Work required
Transcribe exactly the span of lines that begins the records and ends with the line holding "Rz(roll) Ry(yaw) Rx(pitch).", both boundary lines included.

Data supplied
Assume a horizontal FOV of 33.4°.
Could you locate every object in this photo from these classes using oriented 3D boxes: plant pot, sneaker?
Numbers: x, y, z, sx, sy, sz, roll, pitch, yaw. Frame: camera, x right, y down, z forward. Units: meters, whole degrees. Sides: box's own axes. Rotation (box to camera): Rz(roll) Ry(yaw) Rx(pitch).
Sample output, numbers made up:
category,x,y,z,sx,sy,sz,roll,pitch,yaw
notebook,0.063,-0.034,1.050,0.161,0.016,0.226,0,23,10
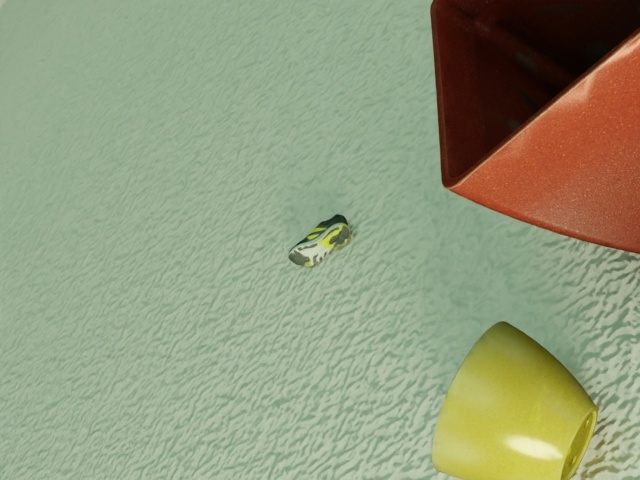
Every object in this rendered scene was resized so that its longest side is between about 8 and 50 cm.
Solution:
category,x,y,z,sx,sy,sz,roll,pitch,yaw
plant pot,0.164,0.145,0.853,0.095,0.134,0.134,24,78,27
plant pot,0.266,-0.140,0.829,0.267,0.236,0.267,-41,29,34
sneaker,0.000,0.000,1.206,0.083,0.031,0.035,-29,30,22
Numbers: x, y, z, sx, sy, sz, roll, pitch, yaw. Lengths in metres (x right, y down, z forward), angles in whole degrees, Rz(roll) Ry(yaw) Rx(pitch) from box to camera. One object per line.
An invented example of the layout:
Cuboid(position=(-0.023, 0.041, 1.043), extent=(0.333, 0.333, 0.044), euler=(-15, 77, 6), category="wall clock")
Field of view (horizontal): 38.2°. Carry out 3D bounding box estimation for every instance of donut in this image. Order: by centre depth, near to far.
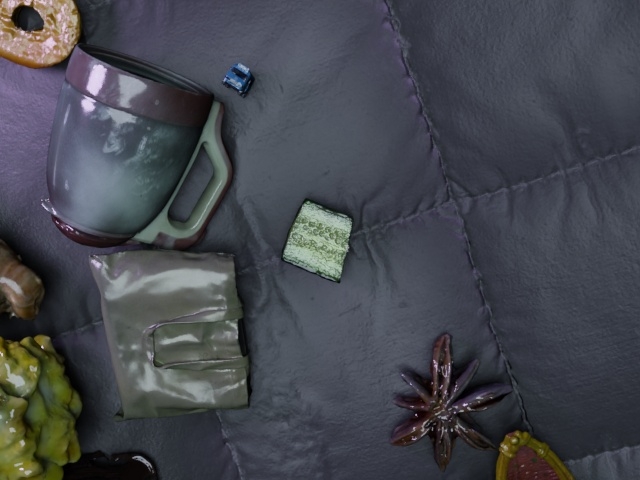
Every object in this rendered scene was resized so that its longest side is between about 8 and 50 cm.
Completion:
Cuboid(position=(-0.486, -0.375, 1.573), extent=(0.178, 0.065, 0.162), euler=(29, 101, -1), category="donut")

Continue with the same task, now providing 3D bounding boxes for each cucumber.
Cuboid(position=(0.000, 0.000, 1.583), extent=(0.115, 0.062, 0.117), euler=(22, 89, -1), category="cucumber")

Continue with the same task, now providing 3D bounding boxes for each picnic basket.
Cuboid(position=(-0.383, 0.532, 1.618), extent=(0.222, 0.129, 0.297), euler=(-5, 96, 2), category="picnic basket")

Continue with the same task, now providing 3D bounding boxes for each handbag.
Cuboid(position=(-0.250, 0.160, 1.582), extent=(0.253, 0.109, 0.316), euler=(-4, 107, 0), category="handbag")

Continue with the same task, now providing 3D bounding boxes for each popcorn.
Cuboid(position=(-0.538, 0.308, 1.535), extent=(0.312, 0.312, 0.312), euler=(0, 95, 3), category="popcorn")

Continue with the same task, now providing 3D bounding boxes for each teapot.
Cuboid(position=(-0.297, -0.127, 1.528), extent=(0.314, 0.233, 0.312), euler=(15, 106, -25), category="teapot")

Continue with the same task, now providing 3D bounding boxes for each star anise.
Cuboid(position=(0.220, 0.282, 1.589), extent=(0.229, 0.093, 0.236), euler=(-10, 91, 9), category="star anise")

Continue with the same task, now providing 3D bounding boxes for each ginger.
Cuboid(position=(-0.641, 0.029, 1.571), extent=(0.375, 0.176, 0.256), euler=(31, 114, -2), category="ginger")

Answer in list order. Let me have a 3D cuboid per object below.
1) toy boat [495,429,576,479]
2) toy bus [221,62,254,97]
Cuboid(position=(0.388, 0.461, 1.592), extent=(0.141, 0.099, 0.318), euler=(-26, 96, 8), category="toy boat")
Cuboid(position=(-0.136, -0.270, 1.553), extent=(0.038, 0.083, 0.046), euler=(33, 93, 0), category="toy bus")
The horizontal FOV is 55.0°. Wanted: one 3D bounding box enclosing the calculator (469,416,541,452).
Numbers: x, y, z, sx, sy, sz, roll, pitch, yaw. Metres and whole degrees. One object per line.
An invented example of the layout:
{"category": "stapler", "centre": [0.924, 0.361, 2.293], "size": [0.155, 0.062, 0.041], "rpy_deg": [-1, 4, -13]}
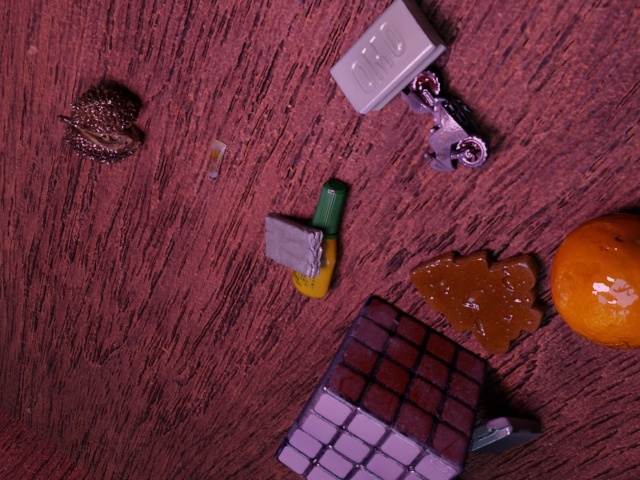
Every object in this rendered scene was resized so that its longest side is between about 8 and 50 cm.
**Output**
{"category": "calculator", "centre": [0.424, 0.461, 1.448], "size": [0.141, 0.045, 0.246], "rpy_deg": [-36, 144, 28]}

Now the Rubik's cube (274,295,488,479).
{"category": "Rubik's cube", "centre": [0.146, 0.406, 1.445], "size": [0.343, 0.344, 0.337], "rpy_deg": [32, 127, 7]}

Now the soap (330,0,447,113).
{"category": "soap", "centre": [0.122, -0.337, 1.140], "size": [0.198, 0.066, 0.119], "rpy_deg": [-39, 78, 39]}

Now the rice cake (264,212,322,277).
{"category": "rice cake", "centre": [-0.070, 0.008, 1.431], "size": [0.211, 0.038, 0.124], "rpy_deg": [29, 123, 49]}

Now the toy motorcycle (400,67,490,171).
{"category": "toy motorcycle", "centre": [0.229, -0.220, 1.177], "size": [0.122, 0.080, 0.215], "rpy_deg": [-36, 89, 40]}

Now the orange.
{"category": "orange", "centre": [0.541, 0.072, 1.101], "size": [0.246, 0.246, 0.246], "rpy_deg": [13, 125, 19]}

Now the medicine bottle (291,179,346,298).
{"category": "medicine bottle", "centre": [0.000, 0.000, 1.428], "size": [0.111, 0.076, 0.309], "rpy_deg": [35, 131, 27]}

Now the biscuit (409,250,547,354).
{"category": "biscuit", "centre": [0.342, 0.113, 1.351], "size": [0.301, 0.043, 0.278], "rpy_deg": [24, 130, 13]}

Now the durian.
{"category": "durian", "centre": [-0.521, -0.272, 1.453], "size": [0.196, 0.167, 0.196], "rpy_deg": [-5, 115, -10]}

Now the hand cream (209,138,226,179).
{"category": "hand cream", "centre": [-0.250, -0.191, 1.469], "size": [0.035, 0.022, 0.102], "rpy_deg": [29, 124, 14]}
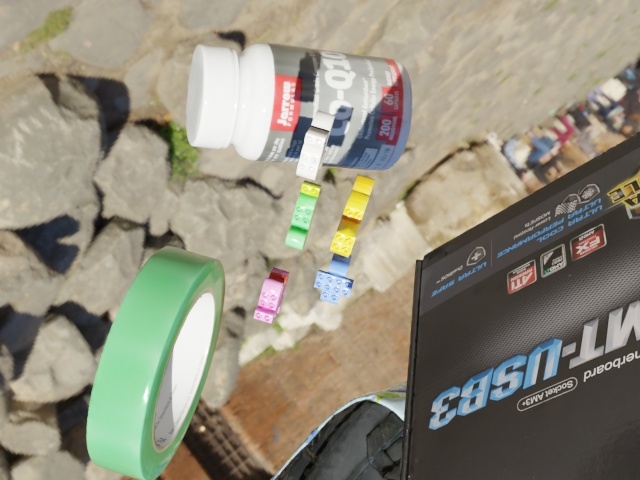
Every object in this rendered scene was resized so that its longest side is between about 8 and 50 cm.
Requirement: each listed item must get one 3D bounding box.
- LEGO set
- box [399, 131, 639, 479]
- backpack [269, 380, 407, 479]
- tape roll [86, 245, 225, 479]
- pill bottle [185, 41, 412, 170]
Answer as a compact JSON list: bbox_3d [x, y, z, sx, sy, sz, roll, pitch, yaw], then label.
[{"bbox_3d":[0.000,0.000,0.856,0.093,0.087,0.227,-68,174,-65],"label":"LEGO set"},{"bbox_3d":[0.184,0.066,0.545,0.296,0.073,0.293,-32,-150,33],"label":"box"},{"bbox_3d":[0.087,0.342,1.164,0.273,0.290,0.355,-14,140,-33],"label":"backpack"},{"bbox_3d":[-0.222,0.170,1.218,0.321,0.077,0.321,15,90,-83],"label":"tape roll"},{"bbox_3d":[-0.032,-0.184,1.188,0.283,0.161,0.161,3,155,-18],"label":"pill bottle"}]
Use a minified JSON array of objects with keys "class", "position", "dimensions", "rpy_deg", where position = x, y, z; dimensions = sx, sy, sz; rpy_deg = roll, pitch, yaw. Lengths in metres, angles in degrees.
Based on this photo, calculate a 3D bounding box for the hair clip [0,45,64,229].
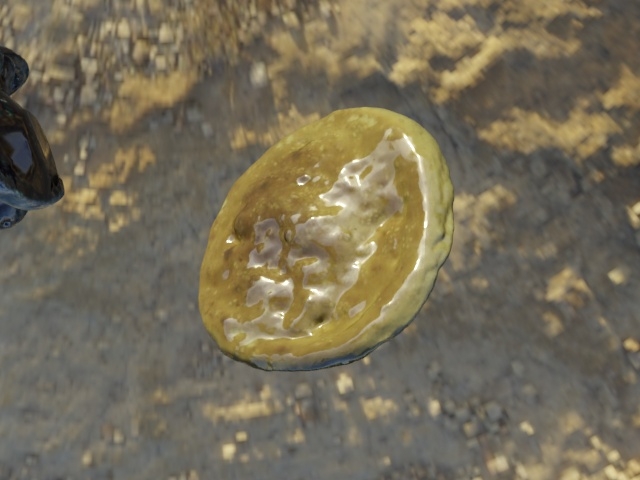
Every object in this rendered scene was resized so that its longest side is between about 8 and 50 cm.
[{"class":"hair clip","position":[-0.260,-0.075,0.932],"dimensions":[0.206,0.310,0.194],"rpy_deg":[-20,70,11]}]

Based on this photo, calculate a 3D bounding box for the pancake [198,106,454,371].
[{"class":"pancake","position":[0.000,0.000,1.378],"dimensions":[0.242,0.242,0.050],"rpy_deg":[-42,138,9]}]
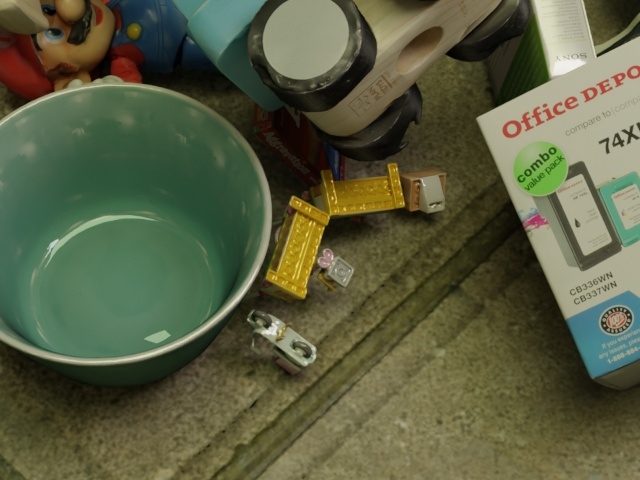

Written solution
Assume a horizontal FOV of 33.4°.
Could you locate every object in this photo from these classes using oriented 3D boxes: plant pot, sneaker?
Numbers: x, y, z, sx, sy, sz, roll, pitch, yaw. Frame: camera, x right, y down, z forward. Units: meters, whole degrees. Sides: box's own axes. Rotation (box to camera): Rz(roll) Ry(yaw) Rx(pitch).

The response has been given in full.